UAE: Over 2,800 rare Islamic coins unveiled in Abu Dhabi

The treasure reveal regional and local history, signifying political changes, power struggles and the changing value placed on precious metals

Photo: Supplied
Photo: Supplied

Ismail Sebugwaawo

Published: Tue 9 Nov 2021, 12:17 PM

Last updated: Tue 9 Nov 2021, 12:29 PM

Louvre Abu Dhabi has unveiled a rare treasure of Islamic silver coins – the Hoard of Jazira – the subject of a major two-year project at the museum.

The museum will install a rare hoard, dating from the reign of King Shapur II (A.D. 309-379) until that of Abbasid Caliph Al Ma’mun (A.D. 813-833) and containing a large amount of medieval Islamic coins.

This hoard of 2,861 silver coins manufactured in the Eurasian continent is supplemented by 67 additional single coins in gold or gold alloy produced in the regions of the Mediterranean basin and Eurasia during a period of about 1,000 years (from the 6th to the 16th century).
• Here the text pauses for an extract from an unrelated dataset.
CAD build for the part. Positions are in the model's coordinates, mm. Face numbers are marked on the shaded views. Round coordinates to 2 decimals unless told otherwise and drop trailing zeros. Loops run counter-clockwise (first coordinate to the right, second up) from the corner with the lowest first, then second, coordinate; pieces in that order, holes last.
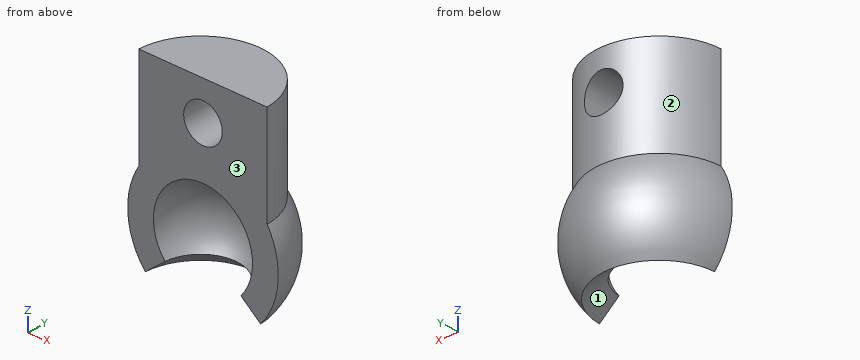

The coins reveal regional and local history, signifying political changes, power struggles, and the changing value placed on precious metals throughout this period.

Leading on the curation of the Hoard of Jazira, Guilhem André, Chief Curator at Louvre Abu Dhabi, said, “This display will showcase a global monetary history. It highlights the trade, cultural exchanges and political dynamics revealing an interconnected world economy between distant regions. It testifies to the birth of Islamic coinage and its evolution.

“The Sasanian drachmas, Umayyad dirhams, Abbasid silver coins, alongside the gold Byzantine solidus, the Genoese and Venetian gold coins, and more will prove how a simple coin can illustrate power relationships and rivalries among competing, growing empires well, as the emergence of major trade hubs.”

Theofanis Karafotias, Head of Preventive Conservation at Louvre Abu Dhabi, elaborated on the conservation process that had taken place before the public display, “The coins were not only conserved by the museum but also documented and digitised as well so that they could be studied in greater detail. We had to decide how to conserve each coin among the thousands – whether chemicals, an ultrasonic bath, or simple distilled water— considering which treatment would be the best, least intrusive way to reveal each coin’s face.”


This new presentation will be dedicated to the financial centres that came into existence during the medieval period and their monetary systems.

The diffusion of specific gold and silver coins and the trade of precious metals created the pre-conditions for the economy of the modern world, a practice which later had a considerable impact on the global economy.

The new display will shed light on the transcontinental trade of gold and silver. The stylistic development of these coins works as an indicator of their evolving values in accordance with time and shifting geographies.